A document-term matrix of term frequencies is constructed:

randomTweets_corpus <- Corpus(VectorSource(randomSample$tweet[1:2000]))

randomTweets_corpus <- tm_map(randomTweets_corpus, tolower)
randomTweets_corpus <- tm_map(randomTweets_corpus,
                              function(x) iconv(x, to='ASCII', sub=' '))
randomTweets_corpus <- tm_map(randomTweets_corpus, removeNumbers)
randomTweets_corpus <- tm_map(randomTweets_corpus, removePunctuation)
randomTweets_corpus <- tm_map(randomTweets_corpus, stripWhitespace)
randomTweets_corpus <- tm_map(randomTweets_corpus, removeWords,
                              stopwords("english"))
randomTweets_corpus <- tm_map(randomTweets_corpus, PlainTextDocument)

random_dtm <- DocumentTermMatrix(randomTweets_corpus)

Using a vector of term frequencies, the proportion of each term in the random Twitter sample is determined, with the top 10 words are displayed:

randomTweets_matrix <- as.matrix(random_dtm)
randomF <- colSums(randomTweets_matrix)
randomFtopten <- data.frame(sort(randomF, decreasing = T)[1:10])
randomFtopten <- data.frame(rownames(randomFtopten), randomFtopten[,1])
names(randomFtopten) <- c("Words", "Freq")
ggplot(randomFtopten, aes(x=reorder(Words,-Freq), y=Freq)) +
  geom_bar(stat="identity", col="orange", fill="lightblue") +
  labs (x="Words", y="Frequency", title="Top Ten Random Sample Words")

Analysis of Company Image on Twitter:

An examination of whether Tweets about the Company are of random topics, or if they contain specific information.

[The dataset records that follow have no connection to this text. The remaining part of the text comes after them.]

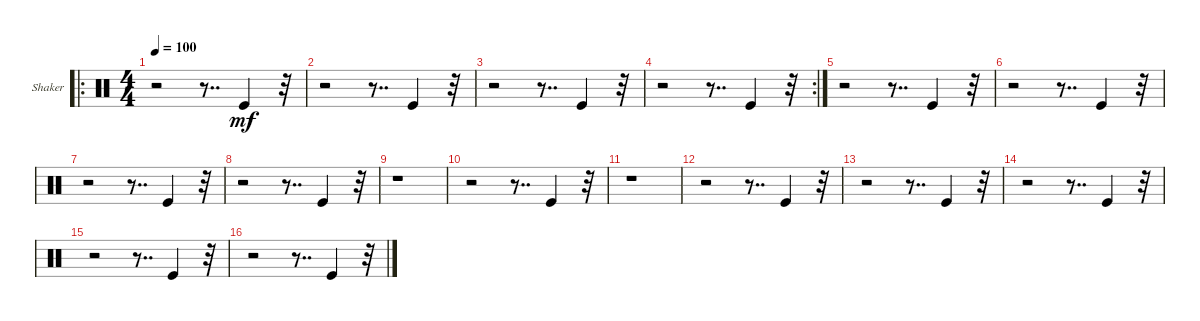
\defaultSystemsLayout 4
\bracketExtendMode groupsimilarinstruments
\firstSystemTrackNameOrientation horizontal
\otherSystemsTrackNameOrientation horizontal
\track ("Shaker" "Shaker") {instrument percussion}
\staff {score}
\articulation defaults
\ro
\ts (4 4)
\tempo 100
\clef neutral
\scale
0.502222
\ks c
r.2{dy mf} r.8{dd} "Kick (hit)".4 r.32 |
\scale
0.248889 r.2 r.8{dd} "Kick (hit)".4 r.32 |
\scale
0.248889 r.2 r.8{dd} "Kick (hit)".4 r.32 |
\rc 2
\scale
0.356322 r.2 r.8{dd} "Kick (hit)".4 r.32 |
\scale
0.321839 r.2 r.8{dd} "Kick (hit)".4 r.32 |
\scale
0.321839 r.2 r.8{dd} "Kick (hit)".4 r.32 |
\scale
0.333333 r.2 r.8{dd} "Kick (hit)".4 r.32 |
\scale
0.333333 r.2 r.8{dd} "Kick (hit)".4 r.32 |
\scale
0.333333 r.1 |
\scale
0.333333 r.2 r.8{dd} "Kick (hit)".4 r.32 |
\scale
0.333333 r.1 |
\scale
0.333333 r.2 r.8{dd} "Kick (hit)".4 r.32 |
\scale
0.333333 r.2 r.8{dd} "Kick (hit)".4 r.32 |
\scale
0.333333 r.2 r.8{dd} "Kick (hit)".4 r.32 |
\scale
0.333333 r.2 r.8{dd} "Kick (hit)".4 r.32 |
\scale
0.333333 r.2 r.8{dd} "Kick (hit)".4 r.32

Access Twitter API, and search for 1000 Tweets about the Company:

consumer_key <- "UowkpfBq1IfPl4sgHPfuxhzwO"
consumer_secret <- "1A1kp5sYhARgk9pQT2YAzj8AUWMNyhVVRRBf4LKVP9lEmJGbge"
access_token <- "758080422345531398-GKSngPSzL5Sm7kJKw1T1KAvs5UWSu2R"
access_secret <- "OTGFuH93JapGEqGBzHDu8Ld8S0Nk0lyHLtFNgXUEADYbE"
setup_twitter_oauth(consumer_key, consumer_secret,access_token,access_secret)

publicTweets <- searchTwitter('CVS_Extra', n = 1000, lang = "en")
publicTweets_df <- twListToDF(publicTweets)

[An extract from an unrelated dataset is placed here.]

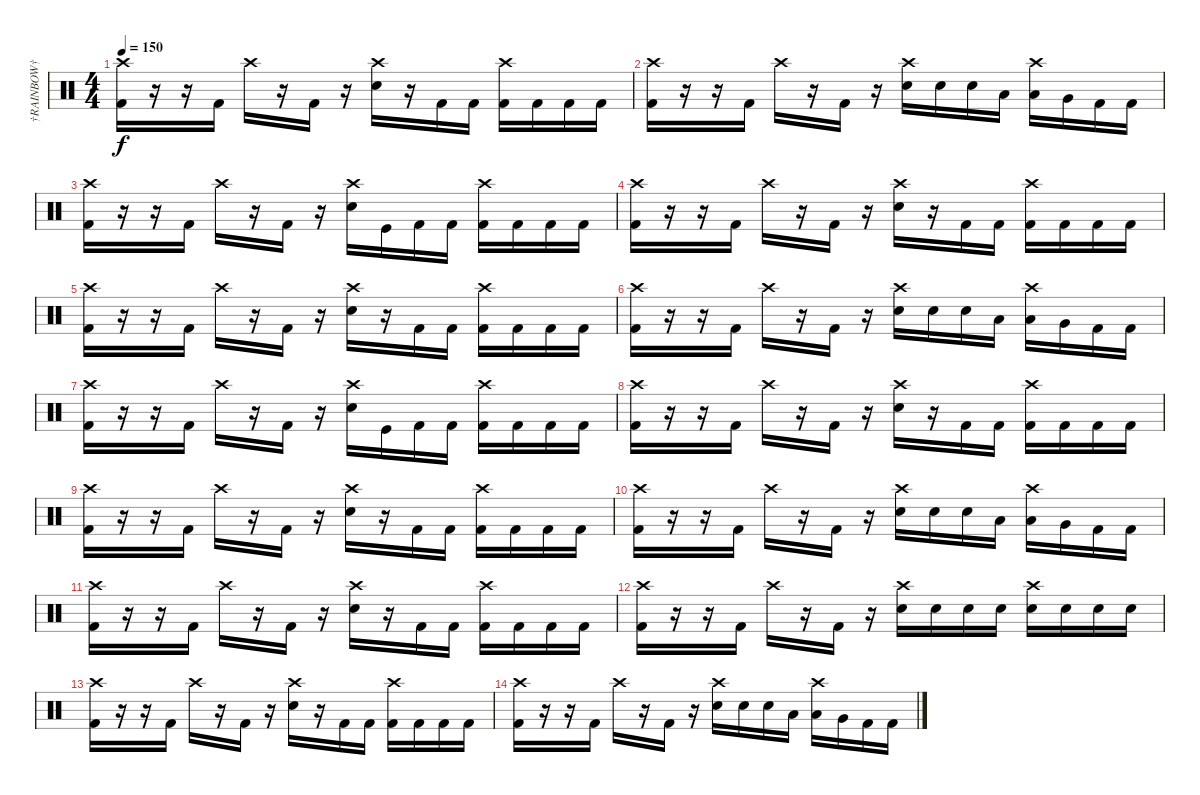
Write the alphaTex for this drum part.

A document-term matrix of Public Tweets, (about the Company), is constructed:

cvsPublicTweets_corpus <- Corpus(VectorSource(publicTweets_df$text))

cvsPublicTweets_corpus <- tm_map(cvsPublicTweets_corpus, function(x) iconv(x, to='ASCII'))
cvsPublicTweets_corpus <- tm_map(cvsPublicTweets_corpus, removeNumbers)
cvsPublicTweets_corpus <- tm_map(cvsPublicTweets_corpus, removePunctuation)
cvsPublicTweets_corpus <- tm_map(cvsPublicTweets_corpus, stripWhitespace)
cvsPublicTweets_corpus <- tm_map(cvsPublicTweets_corpus, tolower)
cvsPublicTweets_corpus <- tm_map(cvsPublicTweets_corpus, removeWords, stopwords('english'))
cvsPublicTweets_corpus <- tm_map(cvsPublicTweets_corpus, stemDocument)
cvsPublicTweets_corpus <- tm_map(cvsPublicTweets_corpus, PlainTextDocument)

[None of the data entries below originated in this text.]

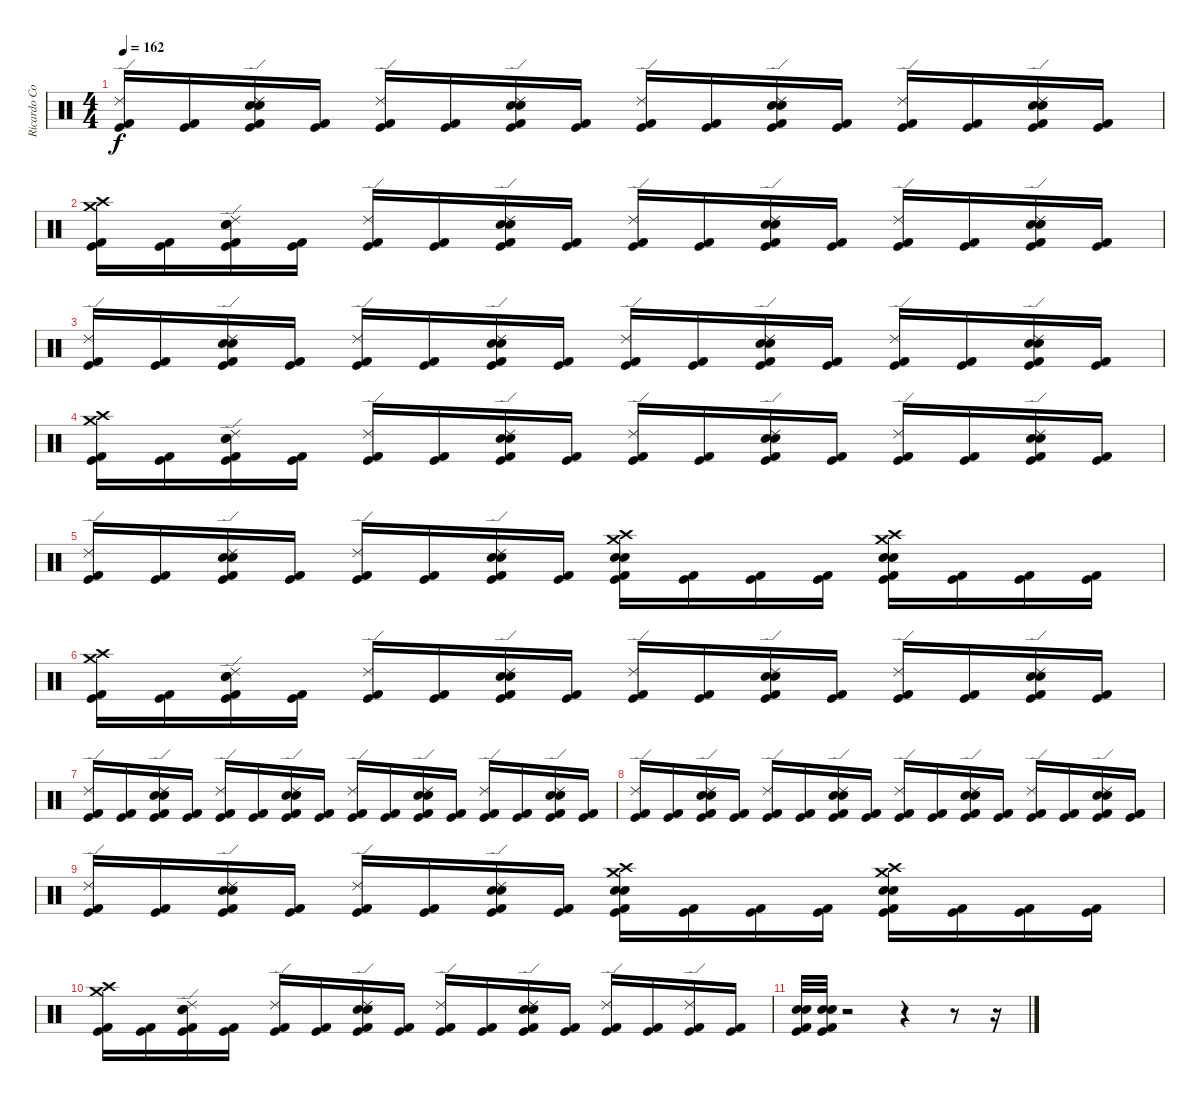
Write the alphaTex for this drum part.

\track ("Ricardo Confessori" "Ricardo Co") {instrument percussion}
\staff {score}
\articulation defaults
\ts (4 4)
\tempo 162
\clef neutral
\ks c
("Ride (edge) 2" "Kick (hit) 2" "Kick (hit)").16{dy f} ("Kick (hit) 2" "Kick (hit)").16 ("Ride (edge) 2" "Snare (hit) 2" "Electric Snare (hit)" "Kick (hit) 2" "Kick (hit)").16 ("Kick (hit) 2" "Kick (hit)").16 ("Ride (edge) 2" "Kick (hit) 2" "Kick (hit)").16 ("Kick (hit) 2" "Kick (hit)").16 ("Ride (edge) 2" "Electric Snare (hit)" "Snare (hit) 2" "Kick (hit) 2" "Kick (hit)").16 ("Kick (hit) 2" "Kick (hit)").16 ("Ride (edge) 2" "Kick (hit) 2" "Kick (hit)").16 ("Kick (hit) 2" "Kick (hit)").16 ("Ride (edge) 2" "Snare (hit) 2" "Electric Snare (hit)" "Kick (hit) 2" "Kick (hit)").16 ("Kick (hit) 2" "Kick (hit)").16 ("Ride (edge) 2" "Kick (hit) 2" "Kick (hit)").16 ("Kick (hit) 2" "Kick (hit)").16 ("Ride (edge) 2" "Electric Snare (hit)" "Snare (hit) 2" "Kick (hit) 2" "Kick (hit)").16 ("Kick (hit) 2" "Kick (hit)").16 |
("Crash high (hit)" "Crash medium (hit)" "Kick (hit) 2" "Kick (hit)").16 ("Kick (hit) 2" "Kick (hit)").16 ("Ride (edge) 2" "Snare (hit) 2" "Electric Snare (hit)" "Kick (hit) 2" "Kick (hit)").16 ("Kick (hit) 2" "Kick (hit)").16 ("Ride (edge) 2" "Kick (hit) 2" "Kick (hit)").16 ("Kick (hit) 2" "Kick (hit)").16 ("Ride (edge) 2" "Electric Snare (hit)" "Snare (hit) 2" "Kick (hit) 2" "Kick (hit)").16 ("Kick (hit) 2" "Kick (hit)").16 ("Ride (edge) 2" "Kick (hit) 2" "Kick (hit)").16 ("Kick (hit) 2" "Kick (hit)").16 ("Ride (edge) 2" "Snare (hit) 2" "Electric Snare (hit)" "Kick (hit) 2" "Kick (hit)").16 ("Kick (hit) 2" "Kick (hit)").16 ("Ride (edge) 2" "Kick (hit) 2" "Kick (hit)").16 ("Kick (hit) 2" "Kick (hit)").16 ("Snare (hit) 2" "Electric Snare (hit)" "Ride (edge) 2" "Kick (hit) 2" "Kick (hit)").16 ("Kick (hit) 2" "Kick (hit)").16 |
("Ride (edge) 2" "Kick (hit) 2" "Kick (hit)").16 ("Kick (hit) 2" "Kick (hit)").16 ("Ride (edge) 2" "Snare (hit) 2" "Electric Snare (hit)" "Kick (hit) 2" "Kick (hit)").16 ("Kick (hit) 2" "Kick (hit)").16 ("Ride (edge) 2" "Kick (hit) 2" "Kick (hit)").16 ("Kick (hit) 2" "Kick (hit)").16 ("Ride (edge) 2" "Electric Snare (hit)" "Snare (hit) 2" "Kick (hit) 2" "Kick (hit)").16 ("Kick (hit) 2" "Kick (hit)").16 ("Ride (edge) 2" "Kick (hit) 2" "Kick (hit)").16 ("Kick (hit) 2" "Kick (hit)").16 ("Ride (edge) 2" "Snare (hit) 2" "Electric Snare (hit)" "Kick (hit) 2" "Kick (hit)").16 ("Kick (hit) 2" "Kick (hit)").16 ("Ride (edge) 2" "Kick (hit) 2" "Kick (hit)").16 ("Kick (hit) 2" "Kick (hit)").16 ("Ride (edge) 2" "Electric Snare (hit)" "Snare (hit) 2" "Kick (hit) 2" "Kick (hit)").16 ("Kick (hit) 2" "Kick (hit)").16 |
("Crash high (hit)" "Crash medium (hit)" "Kick (hit) 2" "Kick (hit)").16 ("Kick (hit) 2" "Kick (hit)").16 ("Ride (edge) 2" "Snare (hit) 2" "Electric Snare (hit)" "Kick (hit) 2" "Kick (hit)").16 ("Kick (hit) 2" "Kick (hit)").16 ("Ride (edge) 2" "Kick (hit) 2" "Kick (hit)").16 ("Kick (hit) 2" "Kick (hit)").16 ("Ride (edge) 2" "Electric Snare (hit)" "Snare (hit) 2" "Kick (hit) 2" "Kick (hit)").16 ("Kick (hit) 2" "Kick (hit)").16 ("Ride (edge) 2" "Kick (hit) 2" "Kick (hit)").16 ("Kick (hit) 2" "Kick (hit)").16 ("Ride (edge) 2" "Snare (hit) 2" "Electric Snare (hit)" "Kick (hit) 2" "Kick (hit)").16 ("Kick (hit) 2" "Kick (hit)").16 ("Ride (edge) 2" "Kick (hit) 2" "Kick (hit)").16 ("Kick (hit) 2" "Kick (hit)").16 ("Ride (edge) 2" "Electric Snare (hit)" "Snare (hit) 2" "Kick (hit) 2" "Kick (hit)").16 ("Kick (hit) 2" "Kick (hit)").16 |
("Ride (edge) 2" "Kick (hit) 2" "Kick (hit)").16 ("Kick (hit) 2" "Kick (hit)").16 ("Ride (edge) 2" "Snare (hit) 2" "Electric Snare (hit)" "Kick (hit) 2" "Kick (hit)").16 ("Kick (hit) 2" "Kick (hit)").16 ("Ride (edge) 2" "Kick (hit) 2" "Kick (hit)").16 ("Kick (hit) 2" "Kick (hit)").16 ("Ride (edge) 2" "Electric Snare (hit)" "Snare (hit) 2" "Kick (hit) 2" "Kick (hit)").16 ("Kick (hit) 2" "Kick (hit)").16 ("Crash high (hit)" "Electric Snare (hit)" "Snare (hit) 2" "Crash medium (hit)" "Kick (hit) 2" "Kick (hit)").16 ("Kick (hit) 2" "Kick (hit)").16 ("Kick (hit) 2" "Kick (hit)").16 ("Kick (hit) 2" "Kick (hit)").16 ("Crash high (hit)" "Electric Snare (hit)" "Snare (hit) 2" "Crash medium (hit)" "Kick (hit) 2" "Kick (hit)").16 ("Kick (hit) 2" "Kick (hit)").16 ("Kick (hit) 2" "Kick (hit)").16 ("Kick (hit) 2" "Kick (hit)").16 |
("Crash high (hit)" "Crash medium (hit)" "Kick (hit) 2" "Kick (hit)").16 ("Kick (hit) 2" "Kick (hit)").16 ("Ride (edge) 2" "Electric Snare (hit)" "Snare (hit) 2" "Kick (hit) 2" "Kick (hit)").16 ("Kick (hit) 2" "Kick (hit)").16 ("Ride (edge) 2" "Kick (hit) 2" "Kick (hit)").16 ("Kick (hit) 2" "Kick (hit)").16 ("Electric Snare (hit)" "Snare (hit) 2" "Ride (edge) 2" "Kick (hit) 2" "Kick (hit)").16 ("Kick (hit) 2" "Kick (hit)").16 ("Ride (edge) 2" "Kick (hit) 2" "Kick (hit)").16 ("Kick (hit) 2" "Kick (hit)").16 ("Ride (edge) 2" "Snare (hit) 2" "Electric Snare (hit)" "Kick (hit) 2" "Kick (hit)").16 ("Kick (hit) 2" "Kick (hit)").16 ("Ride (edge) 2" "Kick (hit) 2" "Kick (hit)").16 ("Kick (hit) 2" "Kick (hit)").16 ("Ride (edge) 2" "Electric Snare (hit)" "Snare (hit) 2" "Kick (hit) 2" "Kick (hit)").16 ("Kick (hit) 2" "Kick (hit)").16 |
("Ride (edge) 2" "Kick (hit) 2" "Kick (hit)").16 ("Kick (hit) 2" "Kick (hit)").16 ("Ride (edge) 2" "Snare (hit) 2" "Electric Snare (hit)" "Kick (hit) 2" "Kick (hit)").16 ("Kick (hit) 2" "Kick (hit)").16 ("Ride (edge) 2" "Kick (hit) 2" "Kick (hit)").16 ("Kick (hit) 2" "Kick (hit)").16 ("Ride (edge) 2" "Electric Snare (hit)" "Snare (hit) 2" "Kick (hit) 2" "Kick (hit)").16 ("Kick (hit) 2" "Kick (hit)").16 ("Ride (edge) 2" "Kick (hit) 2" "Kick (hit)").16 ("Kick (hit) 2" "Kick (hit)").16 ("Ride (edge) 2" "Snare (hit) 2" "Electric Snare (hit)" "Kick (hit) 2" "Kick (hit)").16 ("Kick (hit) 2" "Kick (hit)").16 ("Ride (edge) 2" "Kick (hit) 2" "Kick (hit)").16 ("Kick (hit) 2" "Kick (hit)").16 ("Ride (edge) 2" "Electric Snare (hit)" "Snare (hit) 2" "Kick (hit) 2" "Kick (hit)").16 ("Kick (hit) 2" "Kick (hit)").16 |
("Ride (edge) 2" "Kick (hit) 2" "Kick (hit)").16 ("Kick (hit) 2" "Kick (hit)").16 ("Ride (edge) 2" "Snare (hit) 2" "Electric Snare (hit)" "Kick (hit) 2" "Kick (hit)").16 ("Kick (hit) 2" "Kick (hit)").16 ("Ride (edge) 2" "Kick (hit) 2" "Kick (hit)").16 ("Kick (hit) 2" "Kick (hit)").16 ("Ride (edge) 2" "Electric Snare (hit)" "Snare (hit) 2" "Kick (hit) 2" "Kick (hit)").16 ("Kick (hit) 2" "Kick (hit)").16 ("Ride (edge) 2" "Kick (hit) 2" "Kick (hit)").16 ("Kick (hit) 2" "Kick (hit)").16 ("Ride (edge) 2" "Snare (hit) 2" "Electric Snare (hit)" "Kick (hit) 2" "Kick (hit)").16 ("Kick (hit) 2" "Kick (hit)").16 ("Ride (edge) 2" "Kick (hit) 2" "Kick (hit)").16 ("Kick (hit) 2" "Kick (hit)").16 ("Ride (edge) 2" "Electric Snare (hit)" "Snare (hit) 2" "Kick (hit) 2" "Kick (hit)").16 ("Kick (hit) 2" "Kick (hit)").16 |
("Ride (edge) 2" "Kick (hit) 2" "Kick (hit)").16 ("Kick (hit) 2" "Kick (hit)").16 ("Ride (edge) 2" "Snare (hit) 2" "Electric Snare (hit)" "Kick (hit) 2" "Kick (hit)").16 ("Kick (hit) 2" "Kick (hit)").16 ("Ride (edge) 2" "Kick (hit) 2" "Kick (hit)").16 ("Kick (hit) 2" "Kick (hit)").16 ("Ride (edge) 2" "Electric Snare (hit)" "Snare (hit) 2" "Kick (hit) 2" "Kick (hit)").16 ("Kick (hit) 2" "Kick (hit)").16 ("Electric Snare (hit)" "Snare (hit) 2" "Crash high (hit)" "Crash medium (hit)" "Kick (hit) 2" "Kick (hit)").16 ("Kick (hit) 2" "Kick (hit)").16 ("Kick (hit) 2" "Kick (hit)").16 ("Kick (hit) 2" "Kick (hit)").16 ("Crash high (hit)" "Electric Snare (hit)" "Snare (hit) 2" "Crash medium (hit)" "Kick (hit) 2" "Kick (hit)").16 ("Kick (hit) 2" "Kick (hit)").16 ("Kick (hit) 2" "Kick (hit)").16 ("Kick (hit) 2" "Kick (hit)").16 |
("Crash high (hit)" "Crash medium (hit)" "Kick (hit) 2" "Kick (hit)").16 ("Kick (hit) 2" "Kick (hit)").16 ("Ride (edge) 2" "Snare (hit) 2" "Electric Snare (hit)" "Kick (hit) 2" "Kick (hit)").16 ("Kick (hit) 2" "Kick (hit)").16 ("Ride (edge) 2" "Kick (hit) 2" "Kick (hit)").16 ("Kick (hit) 2" "Kick (hit)").16 ("Ride (edge) 2" "Electric Snare (hit)" "Snare (hit) 2" "Kick (hit) 2" "Kick (hit)").16 ("Kick (hit) 2" "Kick (hit)").16 ("Ride (edge) 2" "Kick (hit) 2" "Kick (hit)").16 ("Kick (hit) 2" "Kick (hit)").16 ("Ride (edge) 2" "Snare (hit) 2" "Electric Snare (hit)" "Kick (hit) 2" "Kick (hit)").16 ("Kick (hit) 2" "Kick (hit)").16 ("Ride (edge) 2" "Kick (hit) 2" "Kick (hit)").16 ("Kick (hit) 2" "Kick (hit)").16 ("Ride (edge) 2" "Kick (hit) 2" "Kick (hit)").16 ("Kick (hit) 2" "Kick (hit)").16 |
("Electric Snare (hit)" "Kick (hit)" "Snare (hit) 2" "Kick (hit) 2").32 ("Electric Snare (hit)" "Snare (hit) 2" "Kick (hit)" "Kick (hit) 2").32 r.2 r.4 r.8 r.16

cvs_dtm <- DocumentTermMatrix(cvsPublicTweets_corpus)

Using a vector of term frequencies, (within Public Tweets about the Company), the proportion of each term in the Public Twitter sample is determined, and the top 10 words are displayed:

cvsPublicTweets_matrix <- as.matrix(cvs_dtm)
cvsPublicF <- colSums(cvsPublicTweets_matrix)
cvsPublicF_topten <- data.frame(sort(cvsPublicF, decreasing = T)[1:10])
cvsPublicF_topten <- data.frame(rownames(cvsPublicF_topten),
                                cvsPublicF_topten[,1])
names(cvsPublicF_topten) <- c("Words", "Freq")
ggplot(cvsPublicF_topten, aes(x=reorder(Words,-Freq), y=Freq)) +
  geom_bar(stat="identity", col="orange", fill="lightblue") +
  labs (x="Words", y="Frequency", title="Top Ten Public Tweet Words")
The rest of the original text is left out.